Decoupling Filamentous Phage Uptake and Energy of the TolQRA Motor in Escherichia coli.

Filamentous phages are nonlytic viruses that specifically infect bacteria, establishing a persistent association with their host. The phage particle has no machinery for generating energy and parasitizes its host's existing structures in order to cross the bacterial envelope and deliver its genetic material. The import of filamentous phages across the bacterial periplasmic space requires some of the components of a macrocomplex of the envelope known as the Tol system. This complex uses the energy provided by the proton motive force (pmf) of the inner membrane to perform essential and highly energy-consuming functions of the cell, such as envelope integrity maintenance and cell division. It has been suggested that phages take advantage of pmf-driven conformational changes in the Tol system to transit across the periplasm.
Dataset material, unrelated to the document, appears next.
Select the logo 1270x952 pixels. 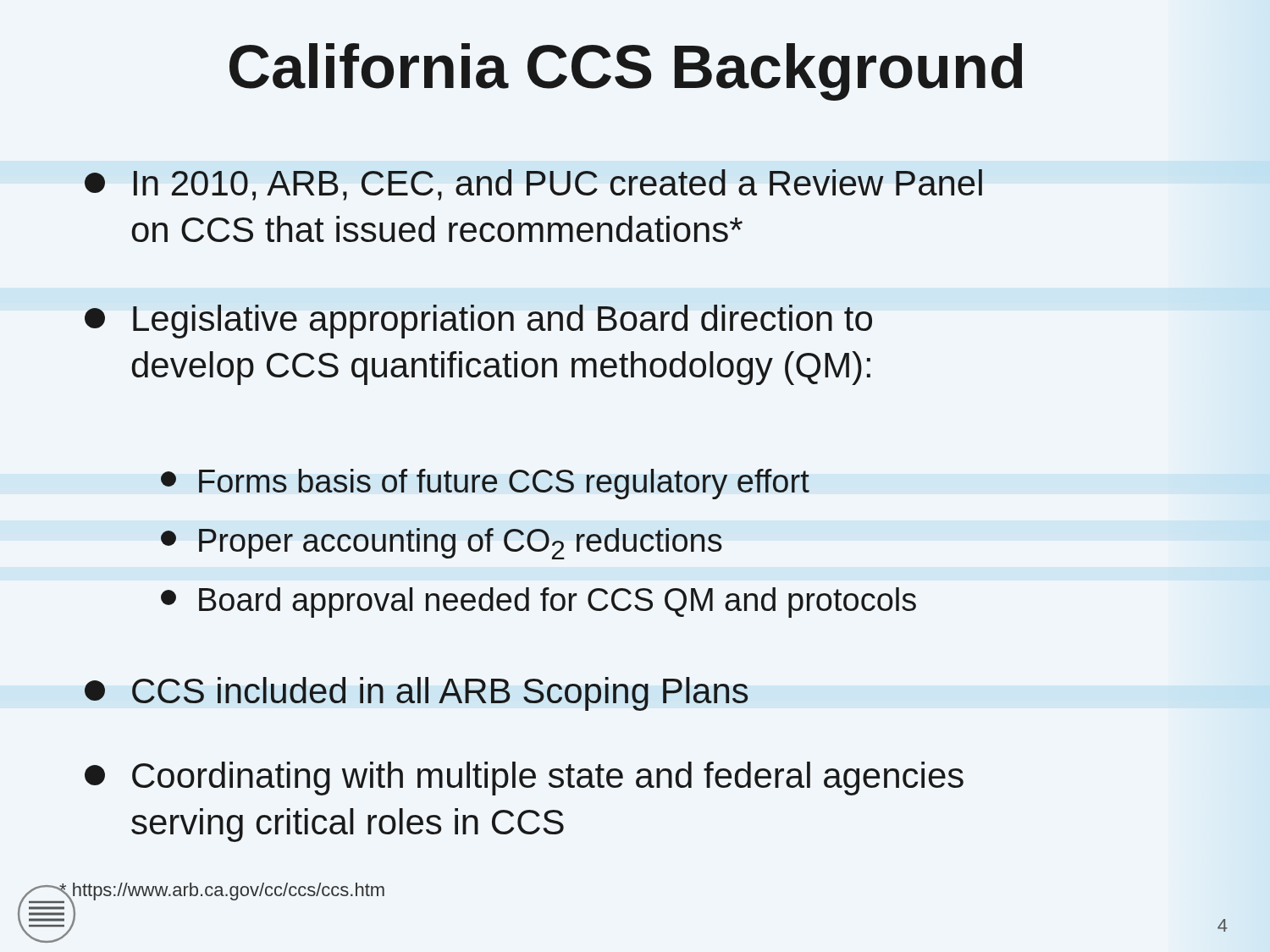[x=47, y=914]
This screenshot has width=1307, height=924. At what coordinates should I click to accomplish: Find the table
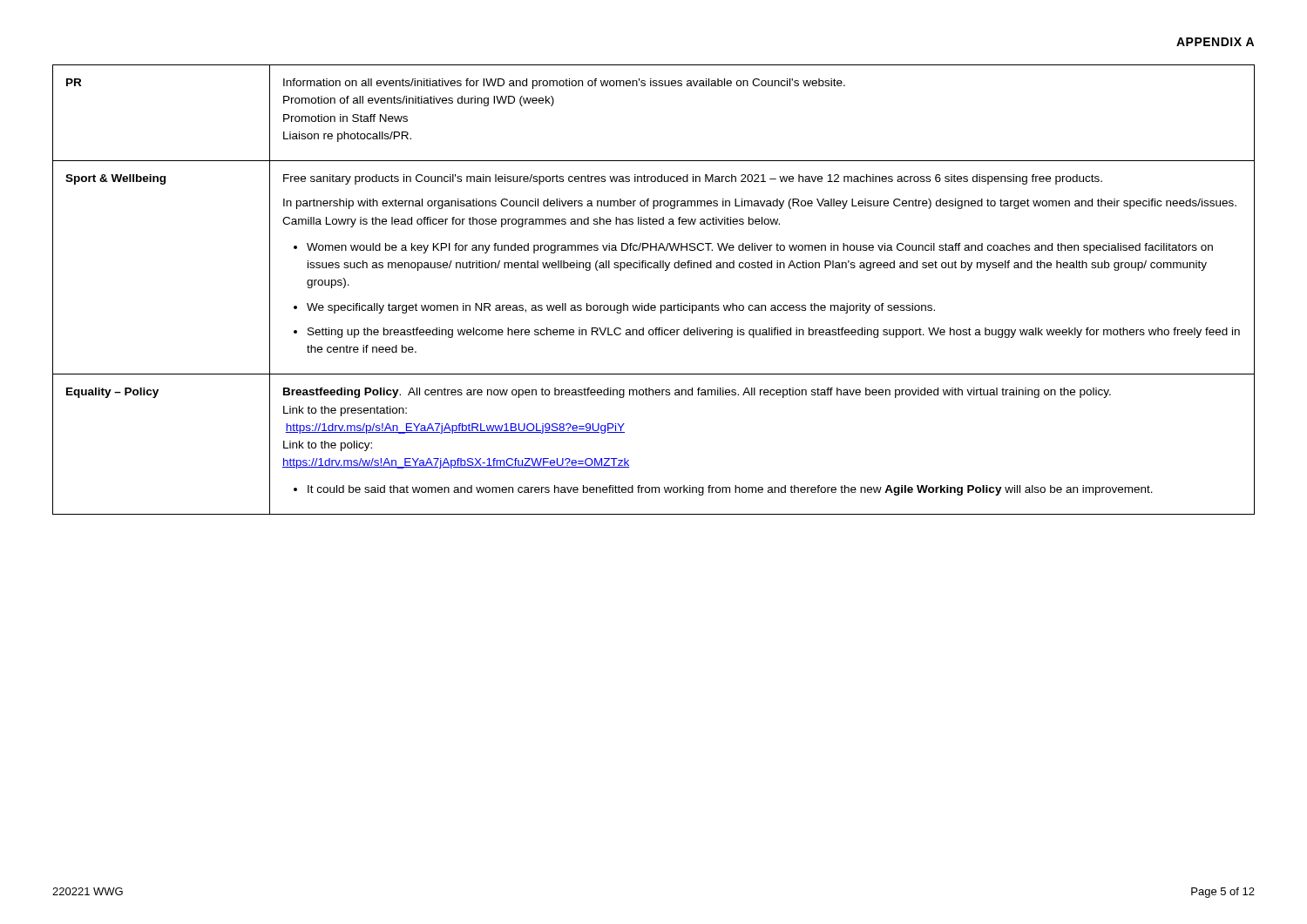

However, this hypothesis has not been formally tested. In order to decouple the role of the Tol system in cell physiology and during phage parasitism, we used mutations on conserved essential residues known for inactivating pmf-dependent functions of the Tol system. We identified impaired Tol complexes that remain fully efficient for filamentous phage uptake. We further demonstrate that the TolQ-TolR homologous motor ExbB-ExbD, normally operating with the TonB protein, is able to promote phage infection along with full-length TolA.IMPORTANCE Filamentous phages are widely distributed symbionts of Gram-negative bacteria, with some of them being linked to genome evolution and virulence of their host. However, the precise mechanism that permits their uptake across the cell envelope is poorly understood. The canonical phage model Fd requires the TolQRA protein complex in the host envelope, which is suspected to translocate protons across the inner membrane. In this study, we show that phage uptake proceeds in the presence of the assembled but nonfunctional TolQRA complex. Moreover, our results unravel an alternative route for phage import that relies on the ExbB-ExbD proteins. This work provides new insights into the fundamental mechanisms of phage infection and might be generalized to other filamentous phages responsible for pathogen emergence.